10th December 2019
During every general election in the United Kingdom the assumption of many pundits – and indeed voters – is that one party will win outright.
The view is that a party getting an overall majority is the norm to which there is sometimes an exception.
But looking at United Kingdom politics over the last decade, a hung parliament has been the norm, and an overall majority the exception.
Other than the two fateful years 2015-2017 – where a Conservative majority unleashed an In/Out referendum and the current botched Brexit – there has not been a party with a majority since 2010.
Indeed – in the twenty-three years since 1996, when John Major’s Conservative government lost its majority – the Conservatives have only managed an overall majority for those two years 2015-2017.
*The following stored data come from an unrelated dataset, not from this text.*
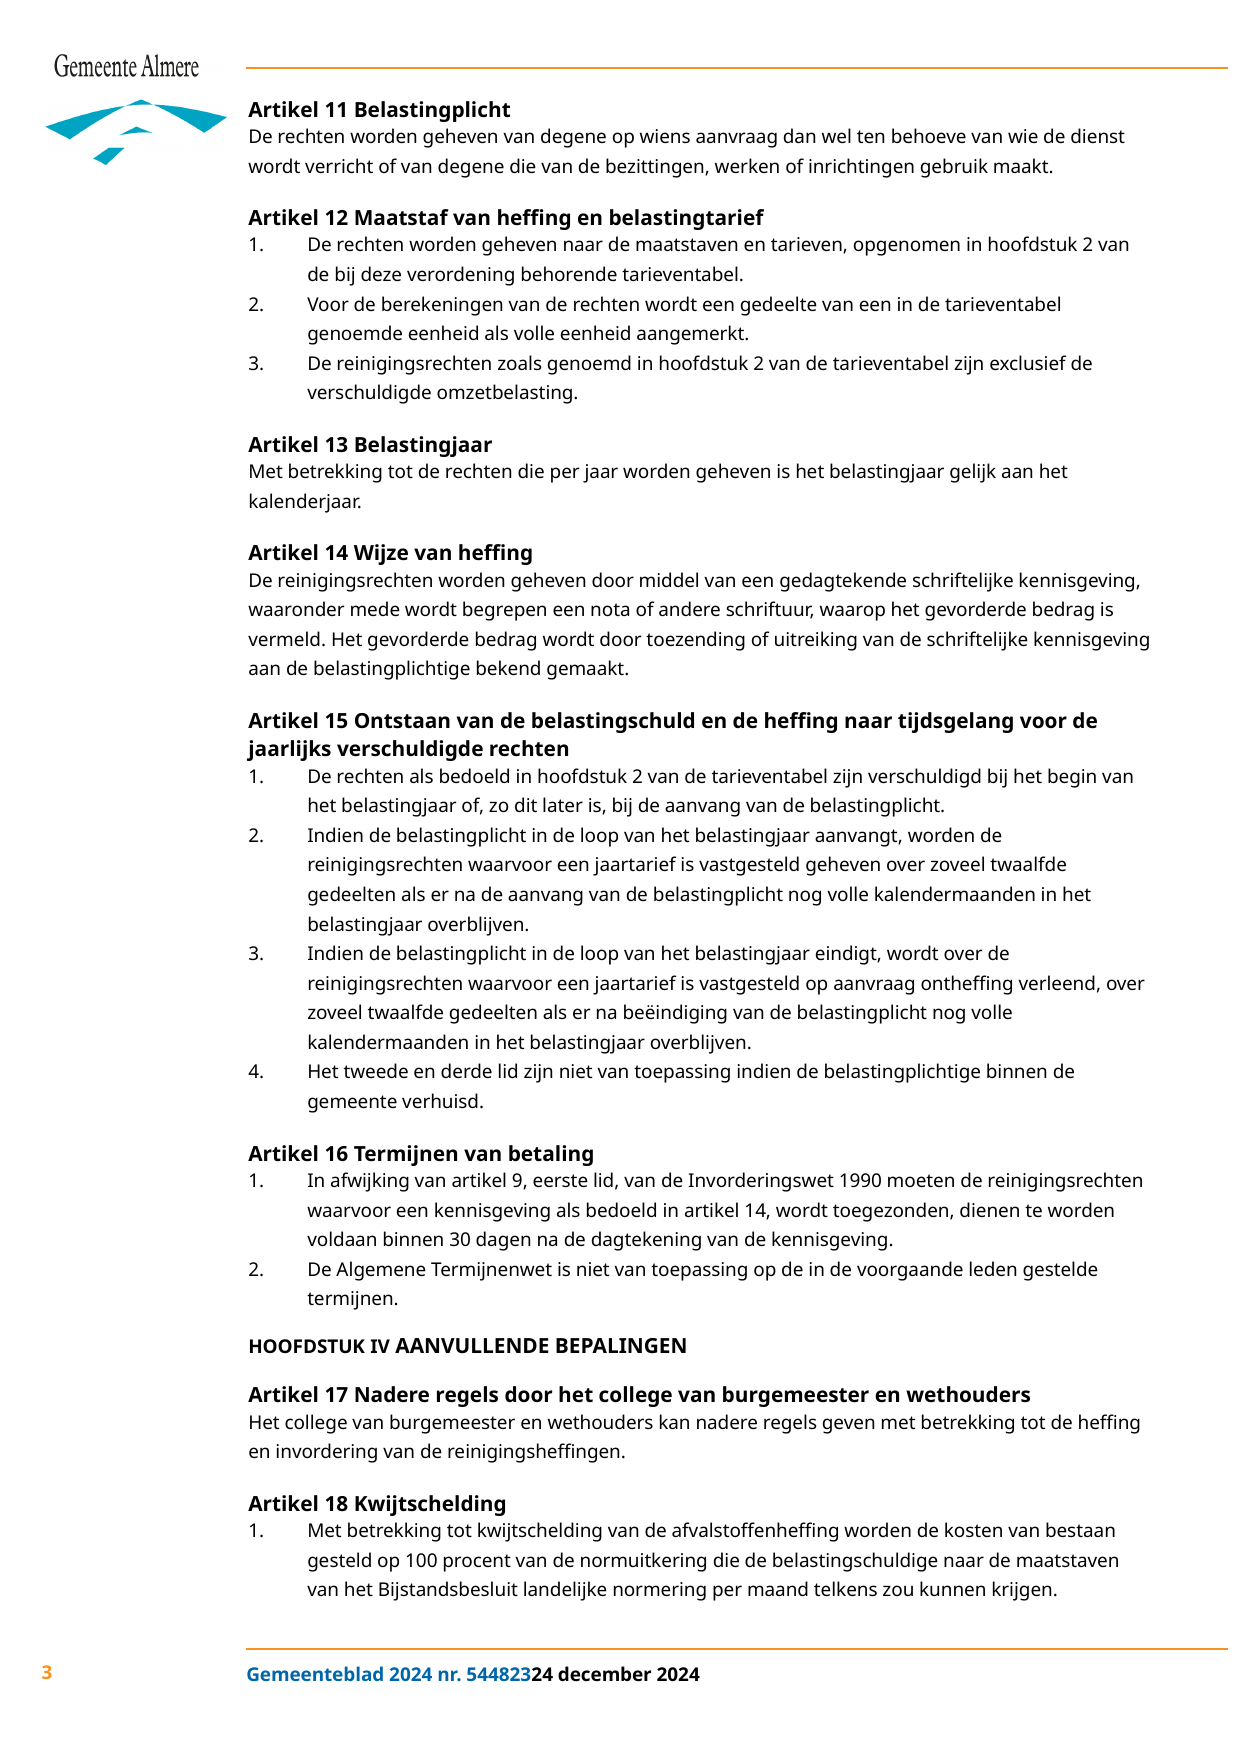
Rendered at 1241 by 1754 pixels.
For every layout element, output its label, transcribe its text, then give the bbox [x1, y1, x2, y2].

text Artikel 13 Belastingjaar [248, 430, 1152, 458]
text De rechten worden geheven van degene op wiens aanvraag dan wel ten behoeve van wie de dienst wordt verricht of van degene die van de bezittingen, werken of inrichtingen gebruik maakt. [248, 123, 1152, 178]
text Artikel 11 Belastingplicht [248, 95, 1152, 123]
text Het college van burgemeester en wethouders kan nadere regels geven met betrekking tot de heffing en invordering van de reinigingsheffingen. [248, 1409, 1152, 1464]
list De Algemene Termijnenwet is niet van toepassing op de in de voorgaande leden gestelde termijnen. [248, 1256, 1152, 1311]
text Met betrekking tot de rechten die per jaar worden geheven is het belastingjaar gelijk aan het kalenderjaar. [248, 458, 1152, 514]
list Indien de belastingplicht in de loop van het belastingjaar eindigt, wordt over de reinigingsrechten waarvoor een jaartarief is vastgesteld op aanvraag ontheffing verleend, over zoveel twaalfde gedeelten als er na beëindiging van de belastingplicht nog volle kalendermaanden in het belastingjaar overblijven. [248, 940, 1152, 1055]
text Artikel 15 Ontstaan van de belastingschuld en de heffing naar tijdsgelang voor de jaarlijks verschuldigde rechten [248, 706, 1152, 763]
list Voor de berekeningen van de rechten wordt een gedeelte van een in de tarieventabel genoemde eenheid als volle eenheid aangemerkt. [248, 291, 1152, 346]
list Met betrekking tot kwijtschelding van de afvalstoffenheffing worden de kosten van bestaan gesteld op 100 procent van de normuitkering die de belastingschuldige naar de maatstaven van het Bijstandsbesluit landelijke normering per maand telkens zou kunnen krijgen. [248, 1517, 1152, 1602]
text Artikel 17 Nadere regels door het college van burgemeester en wethouders [248, 1380, 1152, 1409]
list De rechten worden geheven naar de maatstaven en tarieven, opgenomen in hoofdstuk 2 van de bij deze verordening behorende tarieventabel. [248, 232, 1152, 287]
picture [41, 47, 231, 172]
text De reinigingsrechten worden geheven door middel van een gedagtekende schriftelijke kennisgeving, waaronder mede wordt begrepen een nota of andere schriftuur, waarop het gevorderde bedrag is vermeld. Het gevorderde bedrag wordt door toezending of uitreiking van de schriftelijke kennisgeving aan de belastingplichtige bekend gemaakt. [248, 567, 1152, 681]
list De rechten als bedoeld in hoofdstuk 2 van de tarieventabel zijn verschuldigd bij het begin van het belastingjaar of, zo dit later is, bij de aanvang van de belastingplicht. [248, 763, 1152, 818]
list Indien de belastingplicht in de loop van het belastingjaar aanvangt, worden de reinigingsrechten waarvoor een jaartarief is vastgesteld geheven over zoveel twaalfde gedeelten als er na de aanvang van de belastingplicht nog volle kalendermaanden in het belastingjaar overblijven. [248, 822, 1152, 937]
text Artikel 18 Kwijtschelding [248, 1489, 1152, 1517]
text HOOFDSTUK IV AANVULLENDE BEPALINGEN [248, 1331, 1152, 1359]
text Artikel 16 Termijnen van betaling [248, 1139, 1152, 1167]
text Artikel 12 Maatstaf van heffing en belastingtarief [248, 203, 1152, 232]
list De reinigingsrechten zoals genoemd in hoofdstuk 2 van de tarieventabel zijn exclusief de verschuldigde omzetbelasting. [248, 350, 1152, 405]
text Artikel 14 Wijze van heffing [248, 538, 1152, 567]
list In afwijking van artikel 9, eerste lid, van de Invorderingswet 1990 moeten de reinigingsrechten waarvoor een kennisgeving als bedoeld in artikel 14, wordt toegezonden, dienen te worden voldaan binnen 30 dagen na de dagtekening van de kennisgeving. [248, 1167, 1152, 1252]
list Het tweede en derde lid zijn niet van toepassing indien de belastingplichtige binnen de gemeente verhuisd. [248, 1059, 1152, 1114]

In two days time we will discover whether this period of hung parliaments has come to an end – or whether it will continue and perhaps become an age of hung parliaments.
The 2017-2019 parliament was one which especially showed the merits (and problems) of a hung parliament – and the current general election is, in effect, a howl of pain by the Conservatives (or its leader) that they could not get their own way.
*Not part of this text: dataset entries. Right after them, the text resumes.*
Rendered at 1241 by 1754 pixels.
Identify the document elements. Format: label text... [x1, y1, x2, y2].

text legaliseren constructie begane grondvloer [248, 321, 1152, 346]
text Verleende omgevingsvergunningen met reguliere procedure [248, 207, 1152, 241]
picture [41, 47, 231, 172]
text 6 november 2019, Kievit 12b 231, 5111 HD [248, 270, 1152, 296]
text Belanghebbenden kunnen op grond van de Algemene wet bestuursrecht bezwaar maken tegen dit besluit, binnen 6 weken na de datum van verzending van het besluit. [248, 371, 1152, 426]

Today it is difficult but not impossible to see how the Conservatives can gain the seats required for a substantial majority.
But if that happens, and a five-year term is secured, then the last decade will be seen as a blip.
But if there is yet another hung parliament, as in 2010 and 2017, then the 2015-2017 administration will be the blip.
And if hung parliaments become the norm then that will have profound effects on the nature of party politics and the business of governing.
At the moment, both the Conservatives and Labour parties are led by individuals who are are ill-fitted to lead coalitions, and the Liberal Democrats spend a great deal of time trying to explain away or apologise for their role in the 2010-15 coalition.
Like with the pundits and many voters, the view of the parties themselves is also that getting an overall majority is the norm to which there is sometimes an unfortunate exception.
We will find out shortly whether the parties and the pundits and many votes are right.